NEW YORK (Reuters Breakingviews) — The toughening talk about jailing bosses comes awfully cheap. The U.S. Justice Department is touting new policies to nail people and not just their employers. It's a bit late and also glosses over the real reason for a lack of cases against individuals: they're tough to prove.
Updated guidelines make some useful — if obvious — points. Investigators should focus from the beginning on employees who actually commit the misconduct. Companies don't deserve credit for cooperating without fingering individual wrongdoers. And executives shouldn't be allowed to shift the blame to lowly minions.
Yet the new rules come off as little more than crisis management. Public baying for banker blood after the financial crisis led President Barack Obama in 2008 to create the Financial Fraud Enforcement Task Force. In the 2012 State of the Union address, he announced a financial crimes unit. Last February, his attorney general gave prosecutors 90 days to bring crisis-related cases against individuals. The results: depressingly few convictions of banking bigwigs.
The problem was rarely a lack of effort, though. Prosecutors surely would have loved to bring down the likes of former Countrywide boss Angelo Mozilo. Criminal cases, however, require evidence of intentional wrongdoing beyond a reasonable doubt. That's a high bar, especially when sophisticated executives can argue they followed the advice of lawyers and accountants. It's undoubtedly a big reason why investigations involving Lehman Brothers, IndyMac and others went nowhere.
Enforcers and regulators have plenty of room to improve, though. They could start by curbing the practice of setting aside rules that keep criminals from holding banking licenses or engaging in the securities business. Such waivers rendered guilty pleas from the likes of Citigroup, BNP Paribas and Royal Bank of Scotland essentially toothless.

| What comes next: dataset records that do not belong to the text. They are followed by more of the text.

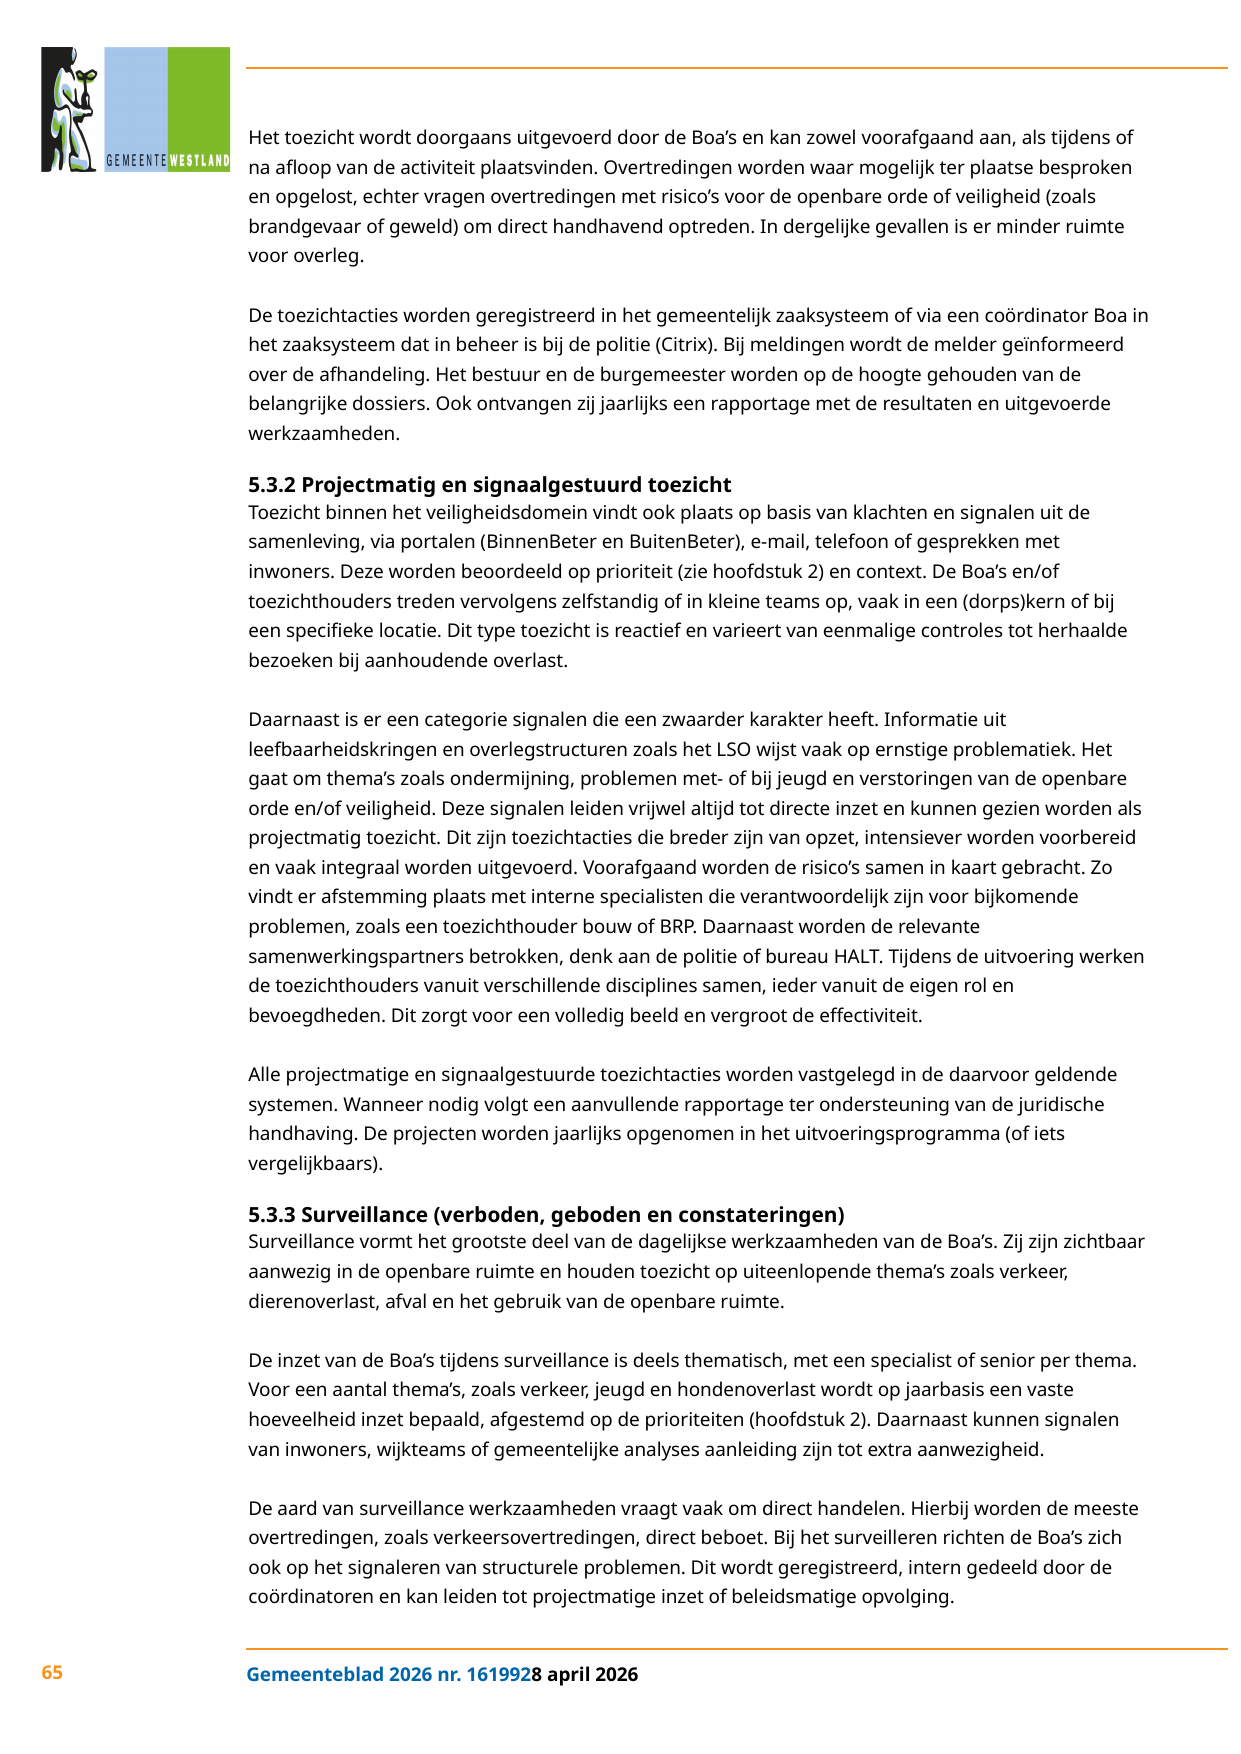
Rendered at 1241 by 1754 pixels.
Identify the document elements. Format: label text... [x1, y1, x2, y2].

text Het toezicht wordt doorgaans uitgevoerd door de Boa’s en kan zowel voorafgaand aan, als tijdens of na afloop van de activiteit plaatsvinden. Overtredingen worden waar mogelijk ter plaatse besproken en opgelost, echter vragen overtredingen met risico’s voor de openbare orde of veiligheid (zoals brandgevaar of geweld) om direct handhavend optreden. In dergelijke gevallen is er minder ruimte voor overleg. [248, 124, 1152, 268]
text Daarnaast is er een categorie signalen die een zwaarder karakter heeft. Informatie uit leefbaarheidskringen en overlegstructuren zoals het LSO wijst vaak op ernstige problematiek. Het gaat om thema’s zoals ondermijning, problemen met- of bij jeugd en verstoringen van de openbare orde en/of veiligheid. Deze signalen leiden vrijwel altijd tot directe inzet en kunnen gezien worden als projectmatig toezicht. Dit zijn toezichtacties die breder zijn van opzet, intensiever worden voorbereid en vaak integraal worden uitgevoerd. Voorafgaand worden de risico’s samen in kaart gebracht. Zo vindt er afstemming plaats met interne specialisten die verantwoordelijk zijn voor bijkomende problemen, zoals een toezichthouder bouw of BRP. Daarnaast worden de relevante samenwerkingspartners betrokken, denk aan de politie of bureau HALT. Tijdens de uitvoering werken de toezichthouders vanuit verschillende disciplines samen, ieder vanuit de eigen rol en bevoegdheden. Dit zorgt voor een volledig beeld en vergroot de effectiviteit. [248, 706, 1152, 1028]
text Alle projectmatige en signaalgestuurde toezichtacties worden vastgelegd in de daarvoor geldende systemen. Wanneer nodig volgt een aanvullende rapportage ter ondersteuning van de juridische handhaving. De projecten worden jaarlijks opgenomen in het uitvoeringsprogramma (of iets vergelijkbaars). [248, 1061, 1152, 1176]
text Toezicht binnen het veiligheidsdomein vindt ook plaats op basis van klachten en signalen uit de samenleving, via portalen (BinnenBeter en BuitenBeter), e-mail, telefoon of gesprekken met inwoners. Deze worden beoordeeld op prioriteit (zie hoofdstuk 2) en context. De Boa’s en/of toezichthouders treden vervolgens zelfstandig of in kleine teams op, vaak in een (dorps)kern of bij een specifieke locatie. Dit type toezicht is reactief en varieert van eenmalige controles tot herhaalde bezoeken bij aanhoudende overlast. [248, 499, 1152, 673]
picture [41, 47, 231, 172]
text De toezichtacties worden geregistreerd in het gemeentelijk zaaksysteem of via een coördinator Boa in het zaaksysteem dat in beheer is bij de politie (Citrix). Bij meldingen wordt de melder geïnformeerd over de afhandeling. Het bestuur en de burgemeester worden op de hoogte gehouden van de belangrijke dossiers. Ook ontvangen zij jaarlijks een rapportage met de resultaten en uitgevoerde werkzaamheden. [248, 302, 1152, 446]
text 5.3.3 Surveillance (verboden, geboden en constateringen) [248, 1200, 1152, 1229]
text 5.3.2 Projectmatig en signaalgestuurd toezicht [248, 471, 1152, 499]
text De aard van surveillance werkzaamheden vraagt vaak om direct handelen. Hierbij worden de meeste overtredingen, zoals verkeersovertredingen, direct beboet. Bij het surveilleren richten de Boa’s zich ook op het signaleren van structurele problemen. Dit wordt geregistreerd, intern gedeeld door de coördinatoren en kan leiden tot projectmatige inzet of beleidsmatige opvolging. [248, 1495, 1152, 1609]
text De inzet van de Boa’s tijdens surveillance is deels thematisch, met een specialist of senior per thema. Voor een aantal thema’s, zoals verkeer, jeugd en hondenoverlast wordt op jaarbasis een vaste hoeveelheid inzet bepaald, afgestemd op de prioriteiten (hoofdstuk 2). Daarnaast kunnen signalen van inwoners, wijkteams of gemeentelijke analyses aanleiding zijn tot extra aanwezigheid. [248, 1347, 1152, 1462]
text Surveillance vormt het grootste deel van de dagelijkse werkzaamheden van de Boa’s. Zij zijn zichtbaar aanwezig in de openbare ruimte en houden toezicht op uiteenlopende thema’s zoals verkeer, dierenoverlast, afval en het gebruik van de openbare ruimte. [248, 1229, 1152, 1314]
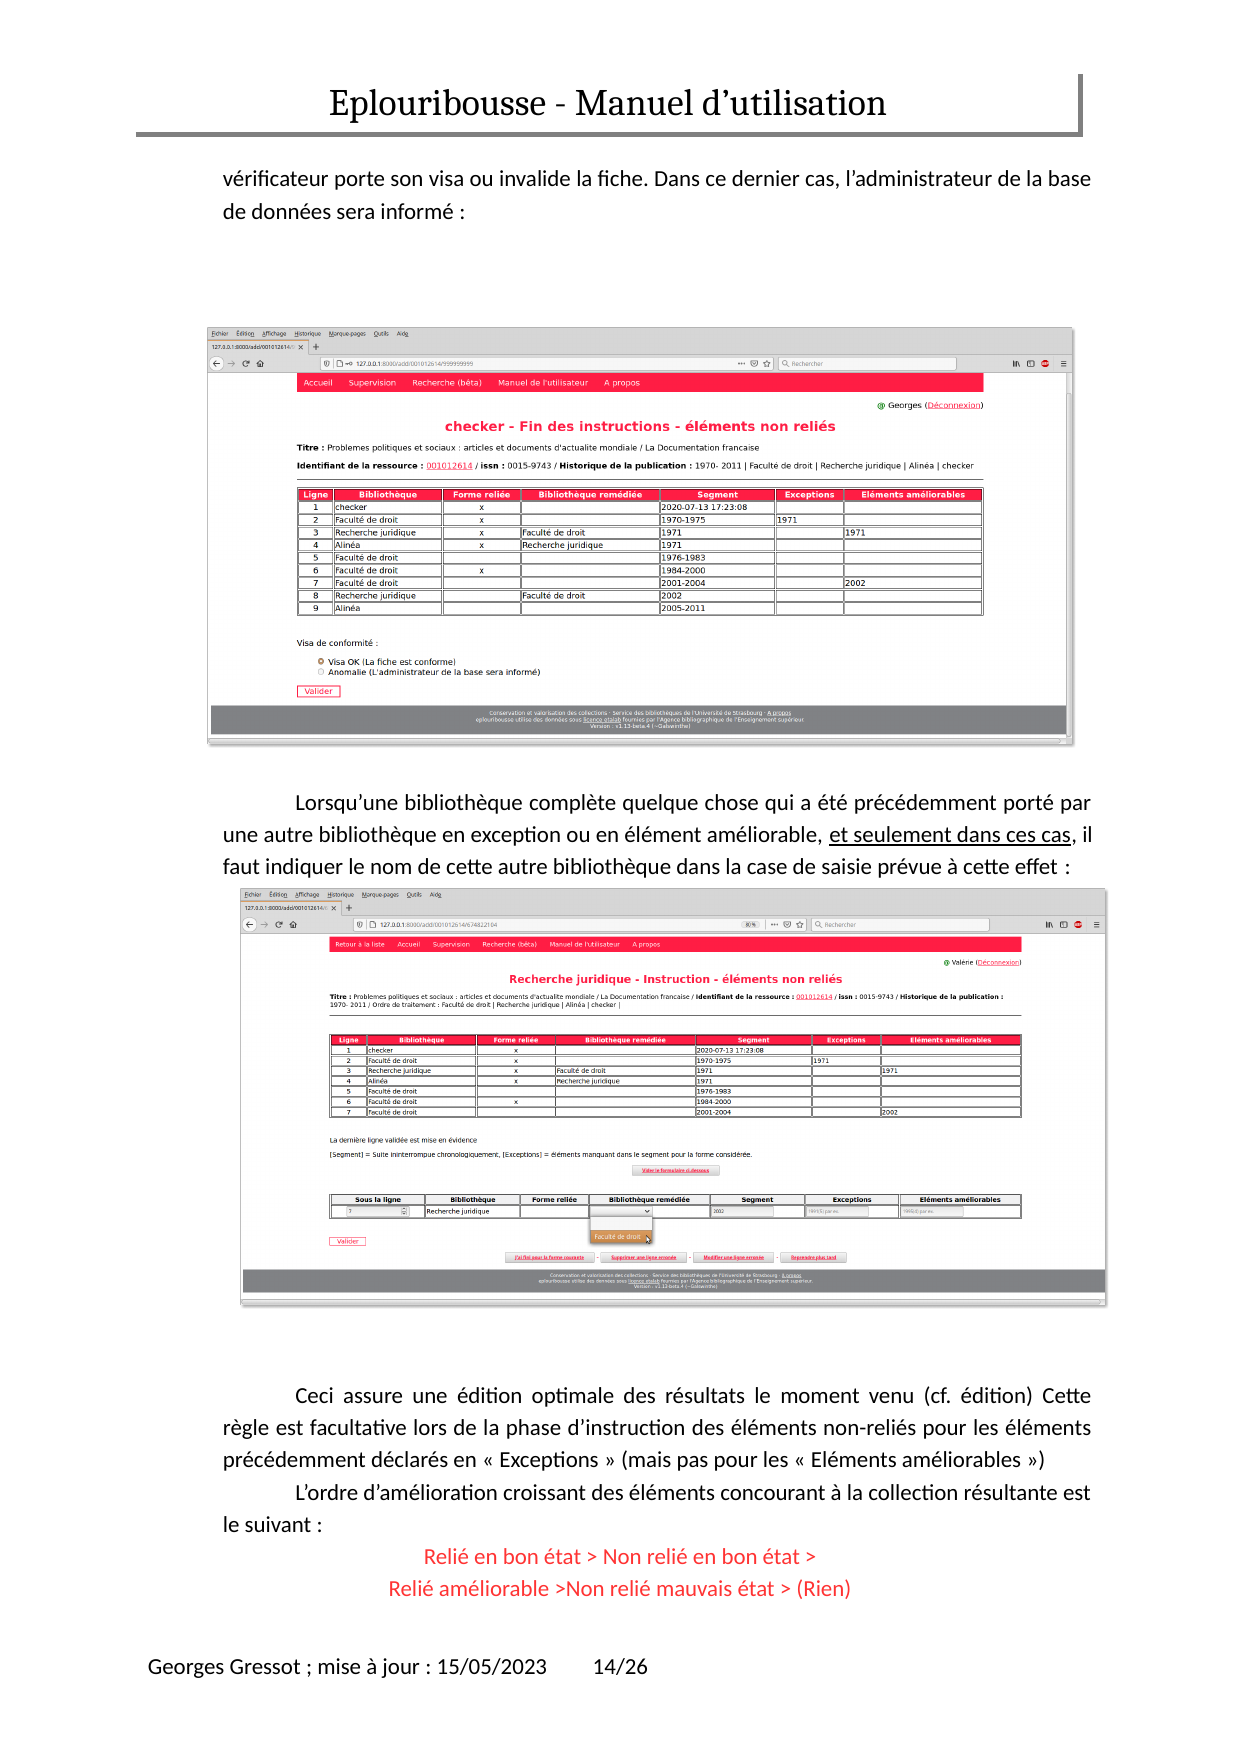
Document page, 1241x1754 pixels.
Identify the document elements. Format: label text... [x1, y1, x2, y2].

list L’ordre d’amélioration croissant des éléments concourant à la collection résultante est le suivant : [223, 1478, 1093, 1538]
list Relié en bon état > Non relié en bon état > [148, 1542, 1093, 1570]
list Lorsqu’une bibliothèque complète quelque chose qui a été précédemment porté par une autre bibliothèque en exception ou en élément améliorable, et seulement dans ces cas, il faut indiquer le nom de cette autre bibliothèque dans la case de saisie prévue à cette effet : [223, 788, 1093, 880]
list Relié améliorable >Non relié mauvais état > (Rien) [148, 1574, 1093, 1602]
picture [205, 325, 1076, 748]
list Ceci assure une édition optimale des résultats le moment venu (cf. édition) Cette règle est facultative lors de la phase d’instruction des éléments non-reliés pour les éléments précédemment déclarés en « Exceptions » (mais pas pour les « Eléments améliorables ») [223, 1381, 1093, 1473]
picture [238, 886, 1109, 1309]
list vérificateur porte son visa ou invalide la fiche. Dans ce dernier cas, l’administrateur de la base de données sera informé : [223, 164, 1093, 225]

Prosecutors also could pick their battles more sensibly. The 2009 acquittal of former Bear Stearns hedge fund managers was a predictable embarrassment. The failure to nab a former mid-level Citigroup executive for selling dodgy mortgage securities exposed a weak case. Insider trading convictions grab headlines but don't address most financial misconduct.
Bone-headed bets are, of course, far more common on Wall Street than is criminal wrongdoing. That shouldn't dissuade lawmen from keeping vigilant watch. The C-suite won't be intimidated, though, until they start walking the walk.